Uno dei più grandi ostacoli, anche per molti giovani, è rappresentato dalla scrittura di un testo. Gli insegnanti di italiano di tutte le scuole combattono una battaglia di Sisifo, dal momento che le circostanze ambientali e storiche non danno loro una mano. Il vocabolario derivante dall’esperienza extrascolastica è infatti molto risicato e circoscritto ad anglismi di giochi digitali, slogan di banali avvisi pubblicitari, espressioni di rozzi affabulatori di media sociali, parole sconnesse di cantanti rap e modi di dire che trovano la loro forza solo nella ossessiva, circolare e urlata ripetitività. La lingua scritta, poi, è prodotta attraverso una ulteriore mediazione della nostra mano tra il supporto sul quale si scrive e il nostro cervello e per fare ciò, pur nell’automatismo acquisito del processo, si può impiegare da qualche frazione di secondo a qualche minuto, da qualche ora a qualche mese… L’avvento dell’era digitale e, più in generale, il progresso dei mezzi di comunicazione, ha ridotto notevolmente i tempi della nostra vita, in tutti i sensi: se una volta per raggiungere Milano, partendo da Roma, si impiegava anche una giornata, oggi con tre ore si passa da Piazza di Spagna a Piazza del Duomo. Se una volta per avere un “sì” sentimentale occorreva un lungo corteggiamento con dichiarazione finale e autorizzazione dei genitori, oggi, a volte, non serve neppure il consenso informato dopo aver consumato l’ennesimo rapporto… Ecco, quindi, che disponendo di pochi mezzi e, soprattutto, disponendo di poco tempo, risulta difficile argomentare un testo scritto nella nostra attualità giornaliera. All’interno, poi, del testo scritto, si presenta un ostacolo insormontabile che è l’uso della punteggiatura. A che servono punti, punti e virgola e due punti se l’utilizzatore finale non conosce i termini che devono separare e il perché? A proposito di punteggiatura desidero soffermarmi, però, su un segno piccolo piccolo, quasi romantico, che ha fatto anche la fortuna di un noto marchio di abbigliamento: la virgola.

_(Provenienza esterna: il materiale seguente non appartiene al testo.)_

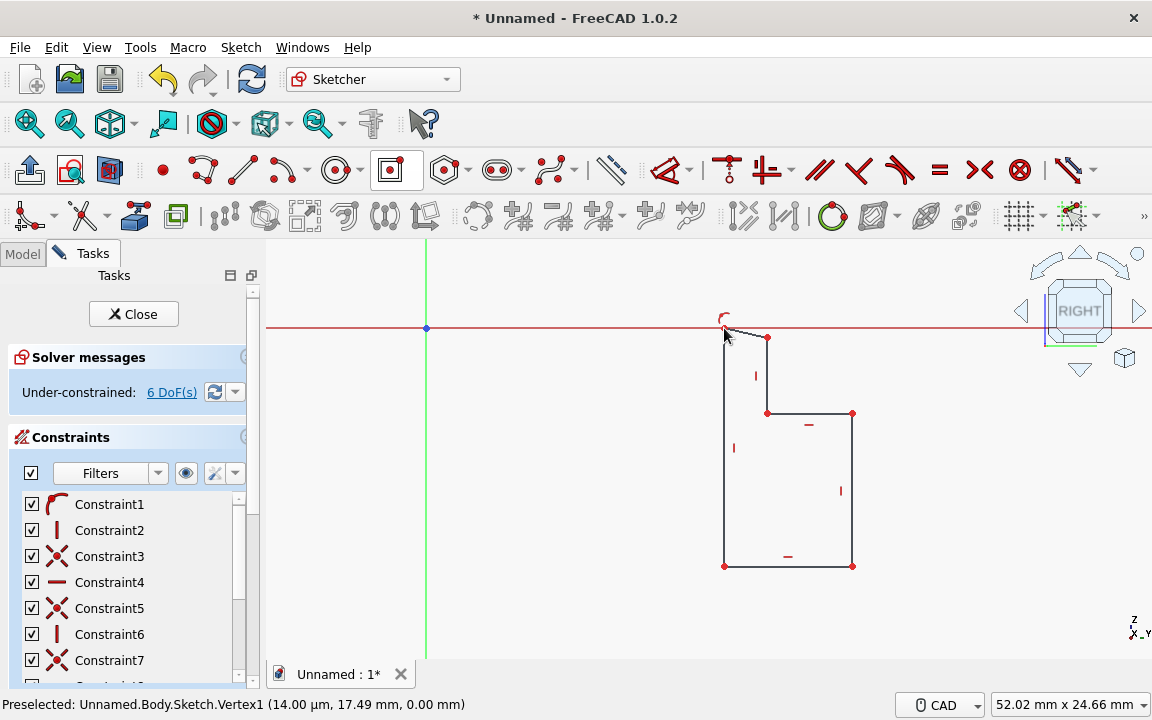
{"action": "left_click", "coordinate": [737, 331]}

Dal vocabolario digitale (ecco, digitale, come dovevasi dimostrare…) della Treccani, leggo per i miei tre lettori, se non hanno già deciso di lasciarmi solo in questa donchisciottesca battaglia: “segno di punteggiatura, simile a un bastoncino leggermente ricurvo, che indica pausa debole all’interno del periodo”. Se la definizione è chiara e corretta, e non mi permetto minimamente di contestarla data la mia ignoranza in materia, mancherebbe però, a mio avviso, di un’indicazione accessoria che tanto potrebbe essere utile. Laddove, infatti, è indicata come “segno”, esclude inevitabilmente che possa essere usata anche nel linguaggio verbale che, come noto, non dispone né di penna, né di matita e né di tastiera. Eppure, sempre a mio parere, deve esistere anche una virgola mentale, quella “pausa debole” che, interposta tra due parole, riesca contemporaneamente a dare importanza alla prima e a enfatizzare la seconda. E, poi, perché non utilizzare quel breve intervallo per riavvolgere il nastro delle parole dette per valutarne la coerenza? E, infine, perché non utilizzare quel breve intervallo per raccogliere le idee per non dire… stultiloquia?

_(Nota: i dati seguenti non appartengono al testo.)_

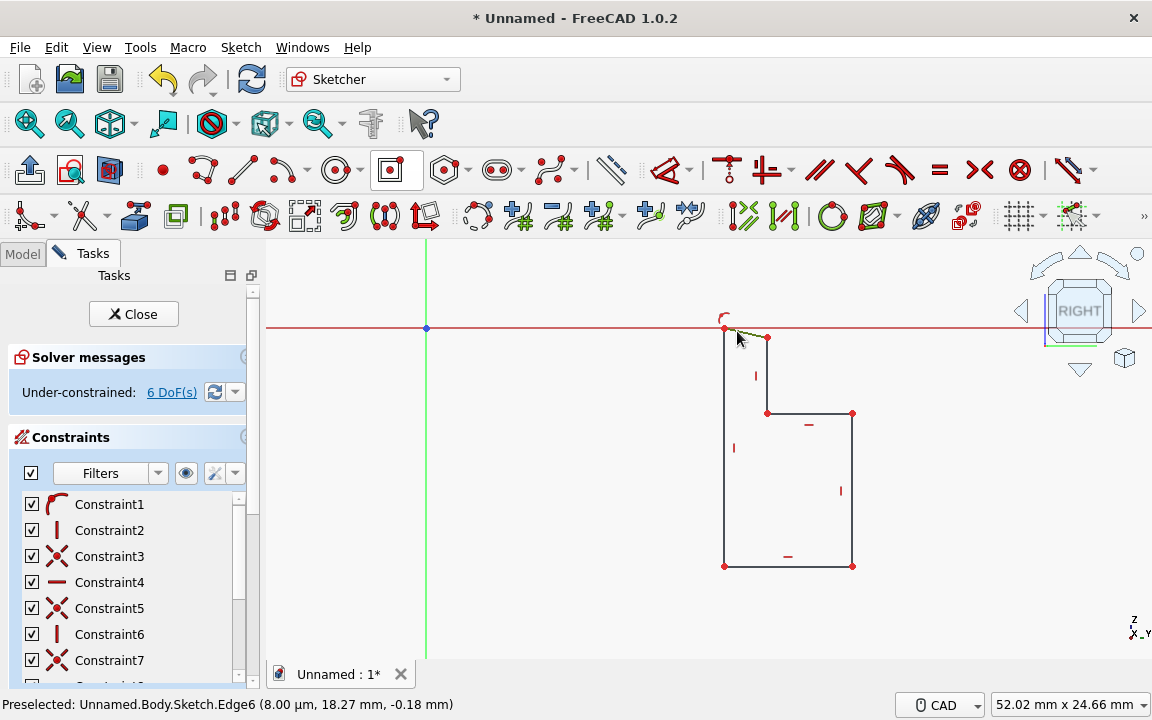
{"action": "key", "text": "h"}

Ma, tant’è, nessuno sa come fa la virgola nel parlato, al pari del coccodrillo quando esprime le proprie idee. Forse sarebbe il caso che gli insegnanti, sin dai primi anni scolastici, recuperassero la virgola nell’accezione latina originaria, “piccola verga”, per inculcare sin da piccoli nelle menti, nelle mani e nelle lingue questa piccola pausa, terapeutica e senza controindicazioni…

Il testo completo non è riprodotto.